*About this exercise*. Print all of the data below exactly as it appears, leaving out every image.

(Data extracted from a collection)
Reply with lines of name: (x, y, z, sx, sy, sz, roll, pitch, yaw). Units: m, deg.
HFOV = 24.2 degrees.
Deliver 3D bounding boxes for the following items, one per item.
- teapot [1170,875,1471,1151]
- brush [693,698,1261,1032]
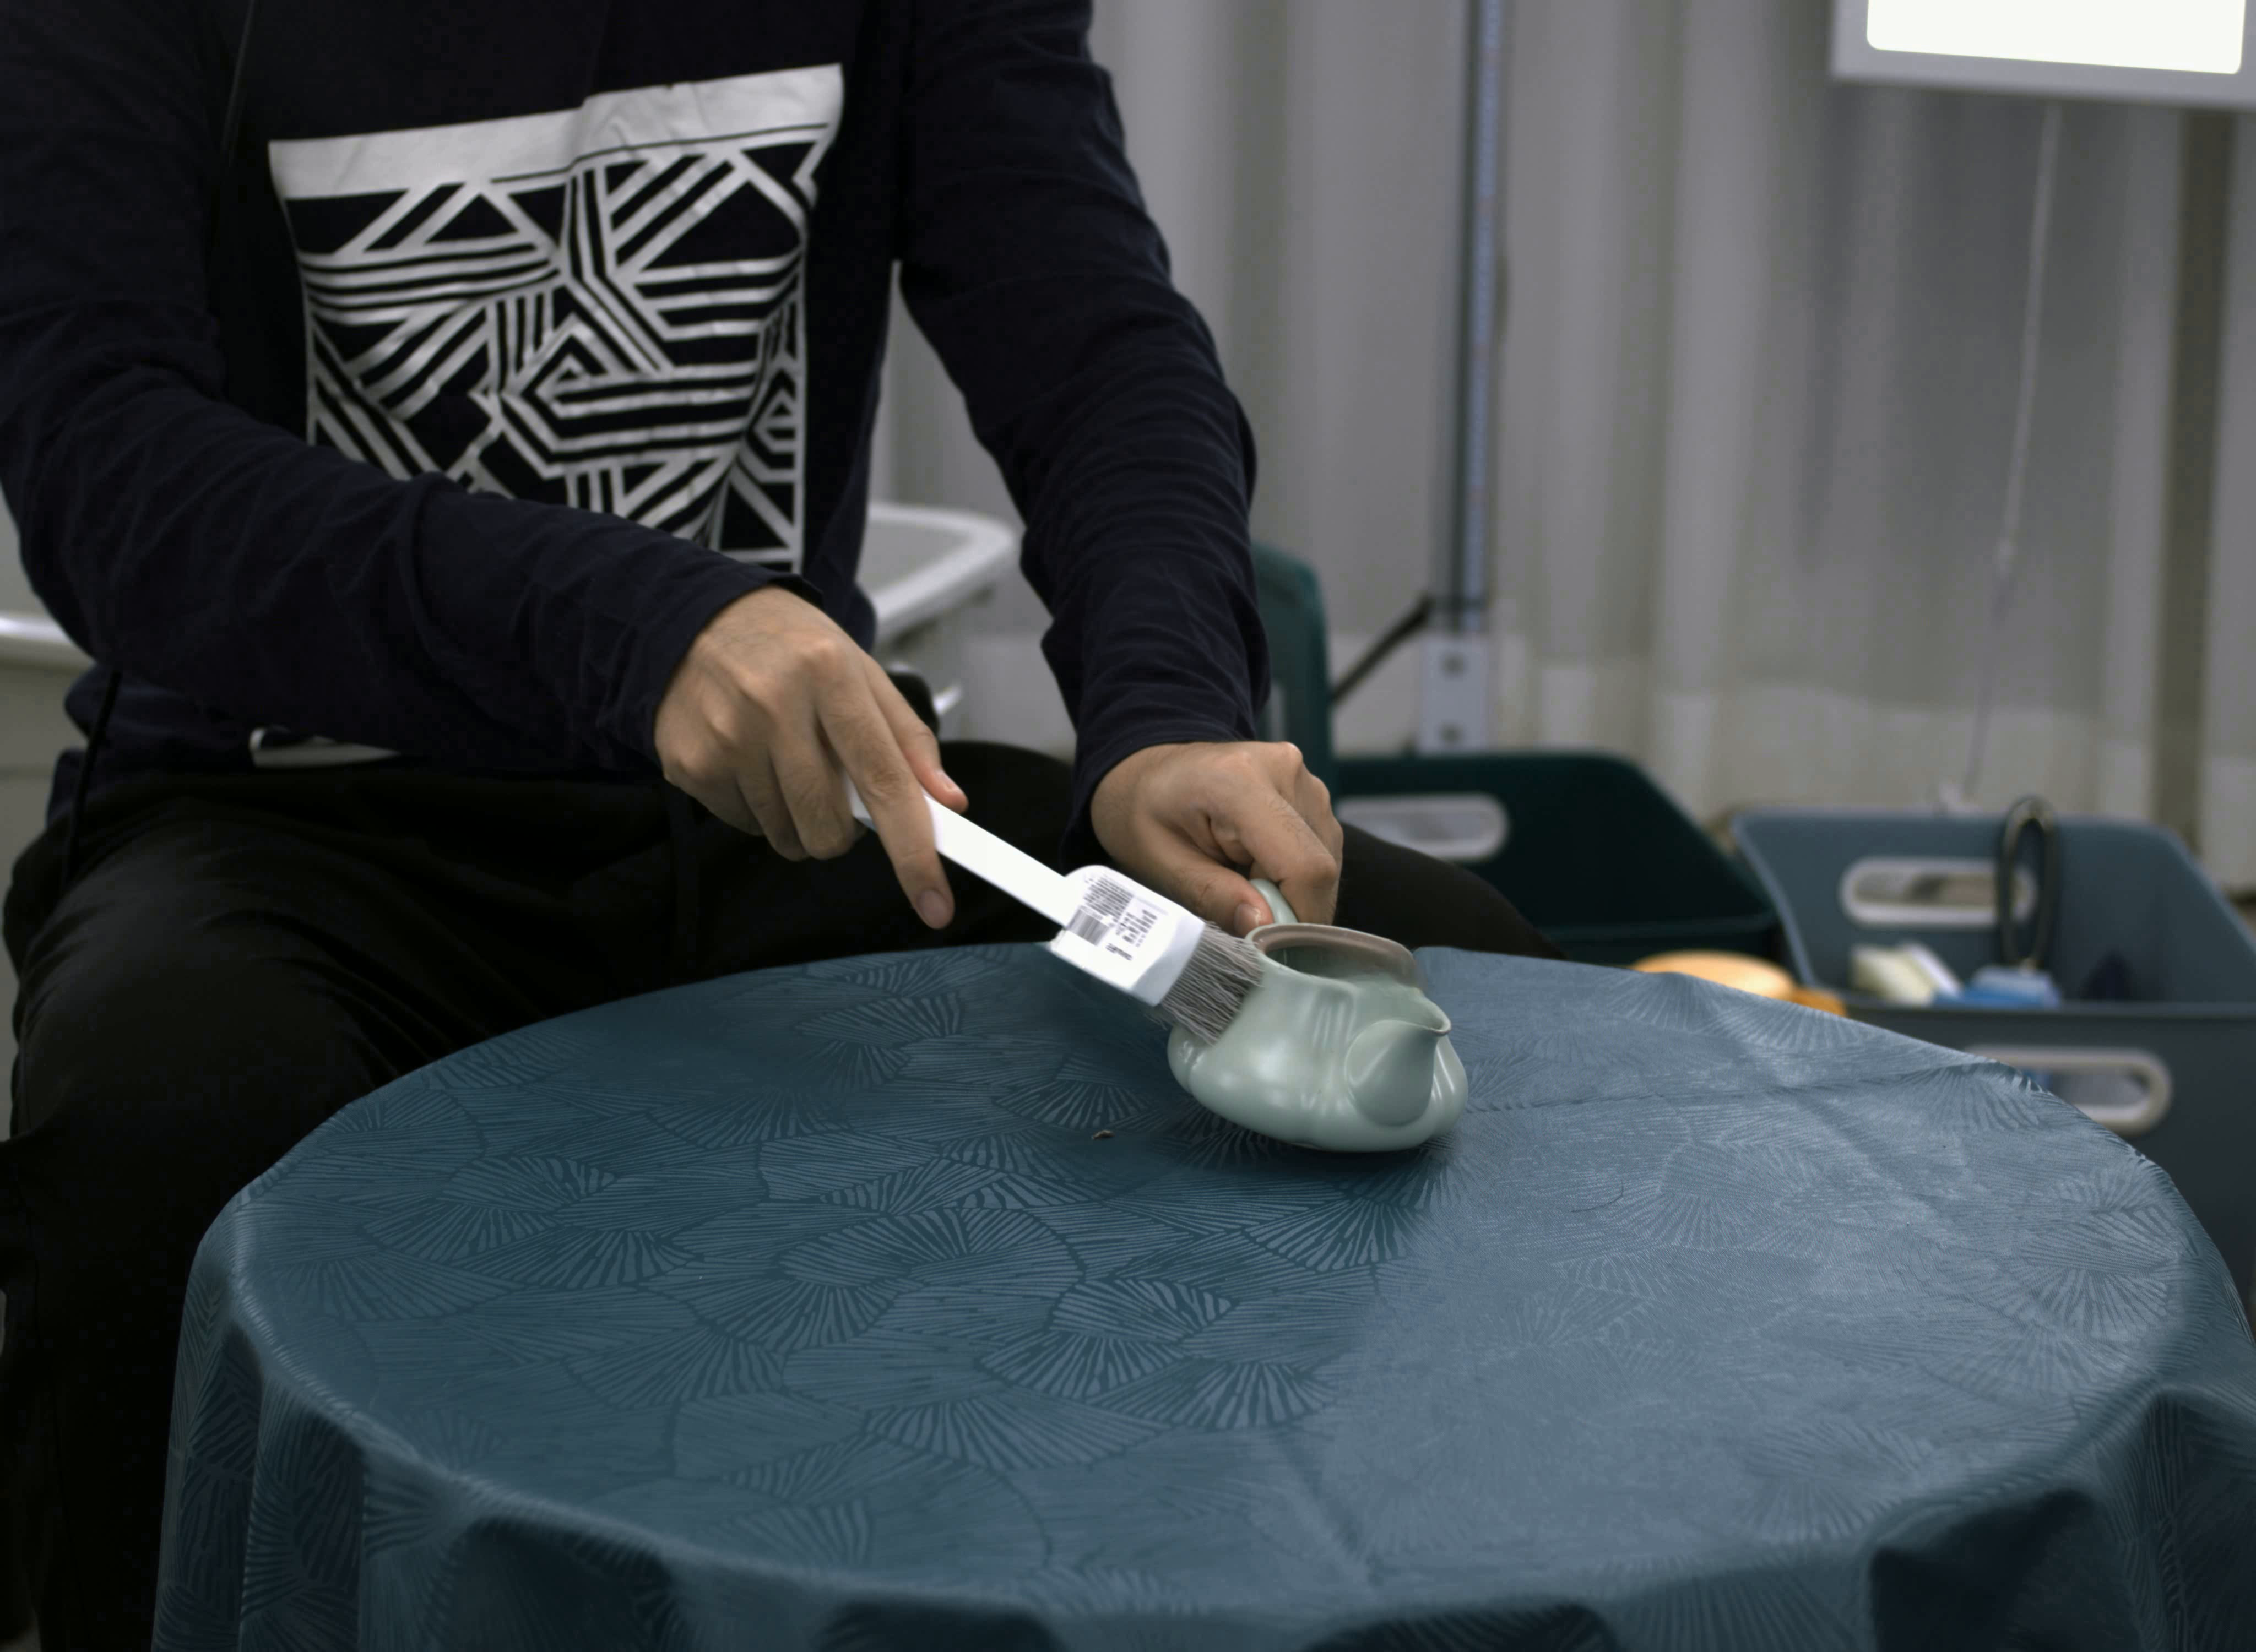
teapot: (0.061, 0.063, 1.673, 0.097, 0.062, 0.135, -2, 22, -30)
brush: (-0.050, 0.010, 1.710, 0.240, 0.034, 0.051, 25, -5, 40)

*Exercise solution*.
Reply with lines of name: (x, y, z, sx, sy, sz, roll, pitch, yaw). Units: m, deg.
HFOV = 24.2 degrees.
Deliver 3D bounding boxes for the following items, one per item.
- teapot [1170,875,1471,1151]
- brush [693,698,1261,1032]
teapot: (0.061, 0.063, 1.673, 0.097, 0.062, 0.135, -2, 22, -30)
brush: (-0.050, 0.010, 1.710, 0.240, 0.034, 0.051, 25, -5, 40)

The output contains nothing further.